==== Input records ====

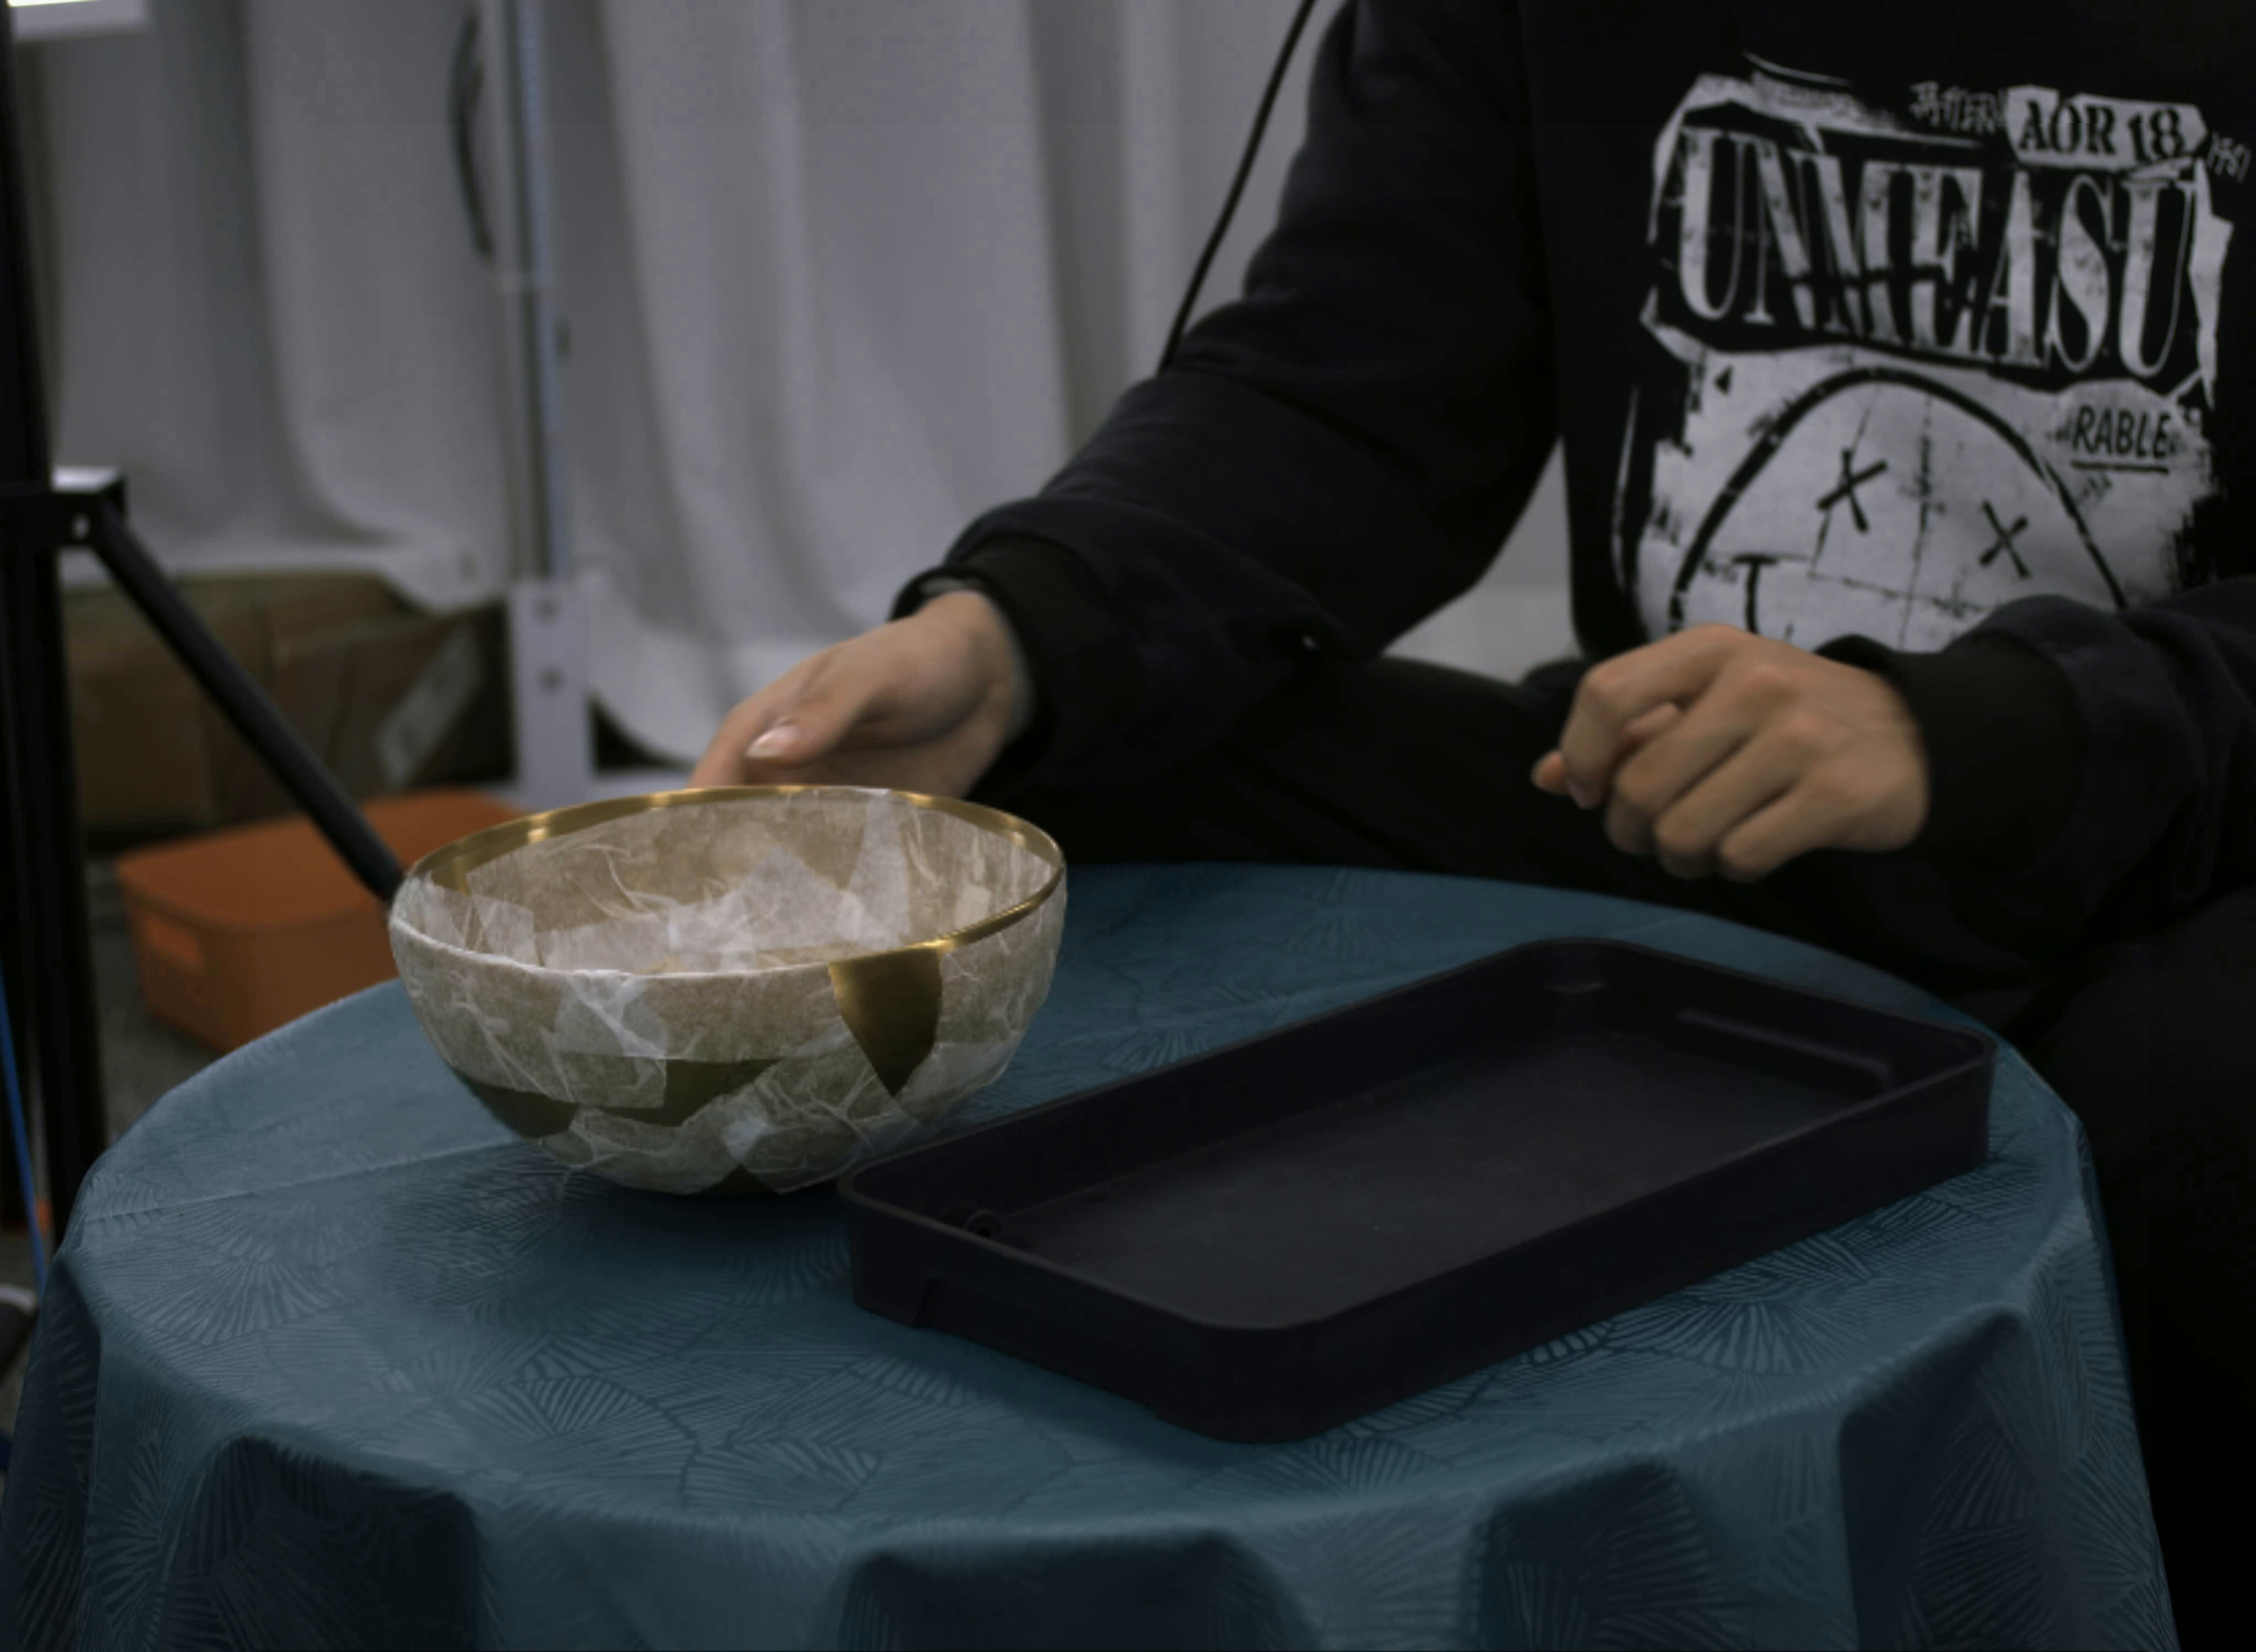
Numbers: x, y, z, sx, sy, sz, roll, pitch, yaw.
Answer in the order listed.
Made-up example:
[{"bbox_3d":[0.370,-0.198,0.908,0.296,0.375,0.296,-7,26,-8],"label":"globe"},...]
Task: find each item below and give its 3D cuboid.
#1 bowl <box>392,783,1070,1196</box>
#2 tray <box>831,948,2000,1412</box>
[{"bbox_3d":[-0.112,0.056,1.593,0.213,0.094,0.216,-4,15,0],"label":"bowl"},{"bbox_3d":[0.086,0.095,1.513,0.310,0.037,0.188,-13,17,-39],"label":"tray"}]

====
==== Input records ====

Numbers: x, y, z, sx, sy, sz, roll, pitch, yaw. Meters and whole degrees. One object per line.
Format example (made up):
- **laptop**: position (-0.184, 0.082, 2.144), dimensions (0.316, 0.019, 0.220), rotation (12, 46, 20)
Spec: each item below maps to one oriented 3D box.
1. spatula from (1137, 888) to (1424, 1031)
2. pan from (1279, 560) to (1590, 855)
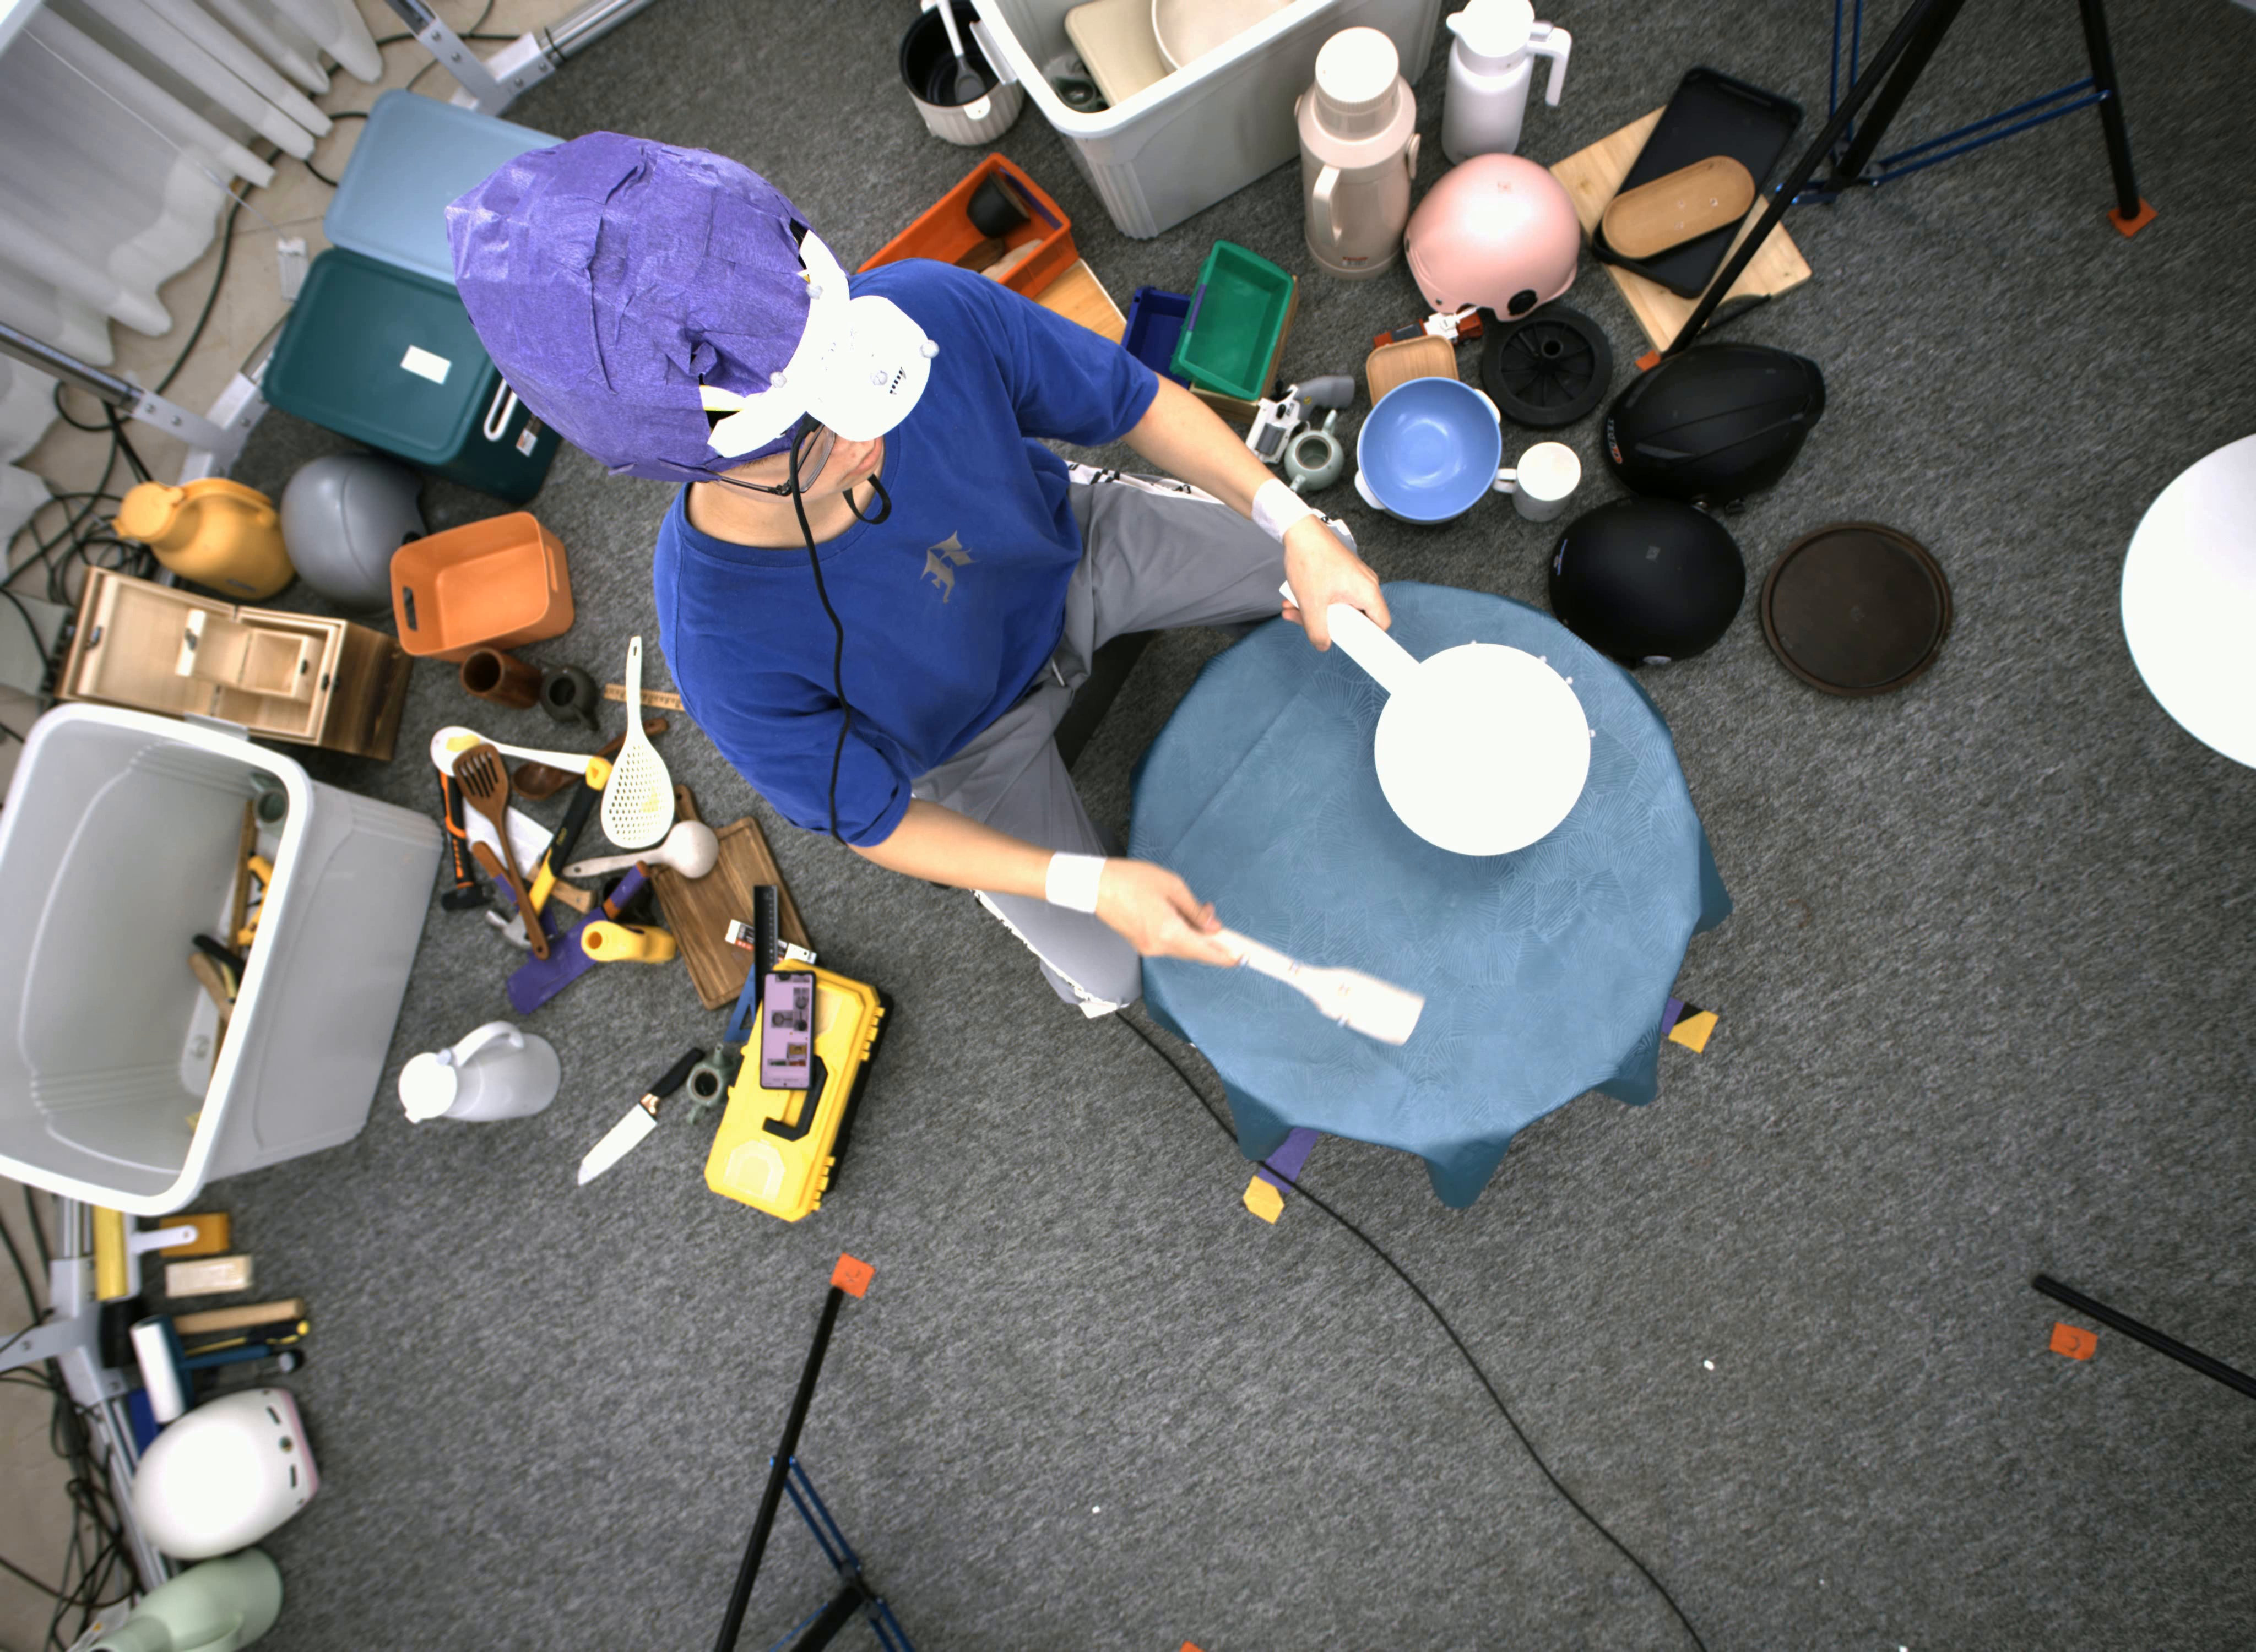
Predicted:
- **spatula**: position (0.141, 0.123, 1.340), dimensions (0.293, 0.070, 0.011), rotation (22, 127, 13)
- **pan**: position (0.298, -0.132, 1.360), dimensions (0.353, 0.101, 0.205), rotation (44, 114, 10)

====

Looking at the records above, work out how many lines include the string "roll". Give the number and nothing else.

2